Another fascinating feature of NDEs is that experients never report meeting friends and relatives who are still alive, but only those who have died including (and this again is very important) those that they did not know had died. Children never see their living parents, siblings or friends or during their NDE, but only those who have died including, to their surprise, those they thought were alive as they had not been told otherwise. Greyson quotes the case of Eddie, suffering from severe meningitis who, during his NDE,  had met his deceased grandfather, aunt and uncle who he knew had died but also, to the consternation of his parents,  his nineteen year old sister Teresa who, as far as he and his family knew, was away in college in Vermont and alive and well. When his parents got home there was a message from the college to say that she had been involved in a terrible car accident and had died the night before. Greyson describes another case in which a man saw someone he didn’t know who looked on him very lovingly. He described him in detail to his parents who denied all knowledge. Years later, when his mother was close to death she showed him a picture of a man that he instantly recognised as the man he had seen during his NDE. She then told him that he was a Jew and they had had an affair during which she became pregnant before he was captured by the Nazis and never seen again. She later married the man who had raised him as his own son, but the man he saw during his NDE had been his biological father.

Greyson concludes that NDEs that occur during cardiac arrest ‘challenge the common assumption that consciousness is solely the product of brain processes, or that mind is merely the subjective concomitant of neurological events’ (but maybe this is not such a challenge if the findings of Borjigin et al. are confirmed). Instead, he thinks that they ‘lend support to the alternative view that brain activity normally serves as a kind of filter, selecting the mental content that is allowed to emerge into waking consciousness’(I don’t understand this hypothesis at all). I must add here that if Borjigin et al. are correct, and if ESP is accepted as a genuine phenomenon, then ESP may be considerably enhanced during NDE related OBEs in the absence of competing sensory input).

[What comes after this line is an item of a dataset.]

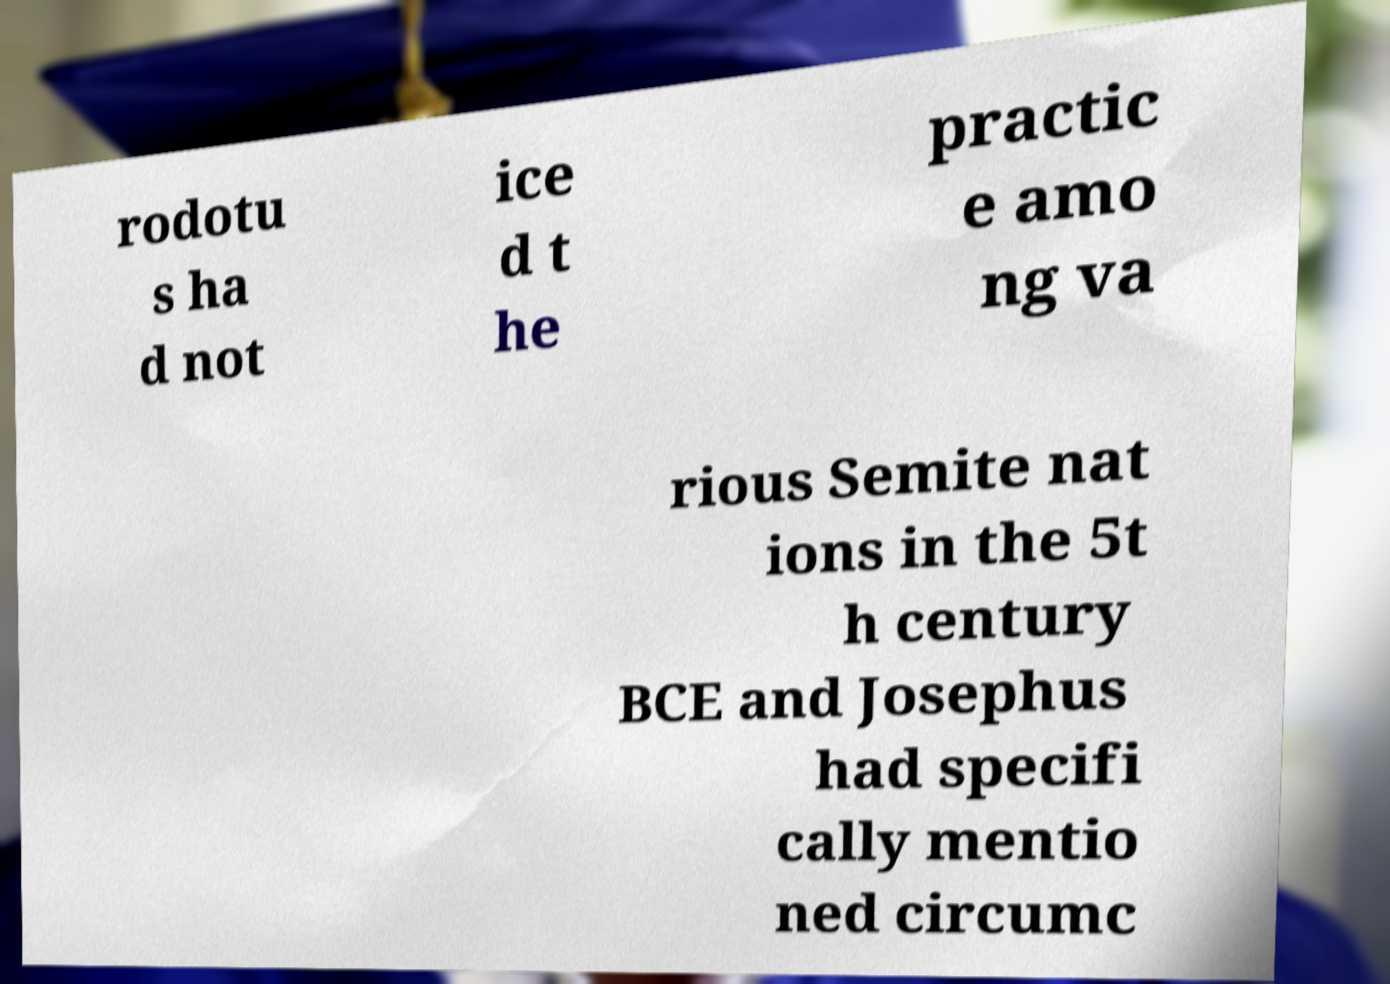Could you extract and type out the text from this image? rodotu s ha d not ice d t he practic e amo ng va rious Semite nat ions in the 5t h century BCE and Josephus had specifi cally mentio ned circumc

In Reports of Past-Life Memories Tucker reviews fifty years of research into ‘cases of the reincarnation type (CORT)’ from across the world, now amounting to some 3,000 carefully evaluated cases in the DOPS collection. This is where children, aged between 2 to about 7 years old, after which these memories fade away, say that they were once someone else with a different name and different family including details of where they lived, what they did and their family relationships. In a high percentage of cases they say that they were killed by shooting or had a fatal accident, and in the former case many had birthmarks where records show that the fatal bullet had entered (small birthmark) and left the body (large birthmark). The late Dr Ian Stevenson (1918 -2007), was the recognised authority on these studies, being appointed Chair of the Department of Psychiatry, University of Virginia Medical School, in 1957, and founding the DOPS in 1967. DOPS was part funded by Eileen Garrett, President of the Parapsychology Foundation who alerted him to such cases, and then fully funded by Chester Carlson (1906-1968), the founder of xerography and president of the Xerox Corporation after reading Stevenson’s first book on the subject Twenty Cases Suggestive of Reincarnation (1966). Stevenson eventually wrote Cases of the Reincarnation Type, a four volume series documenting hundreds of cases that he had examined. Since then other researchers, including Tucker with Return to Life: Extraordinary Cases of Children who Remember Past Lives (2013) and have added their cases. The department now has a huge database from which to classify their cases according to a Strength of Case Scale.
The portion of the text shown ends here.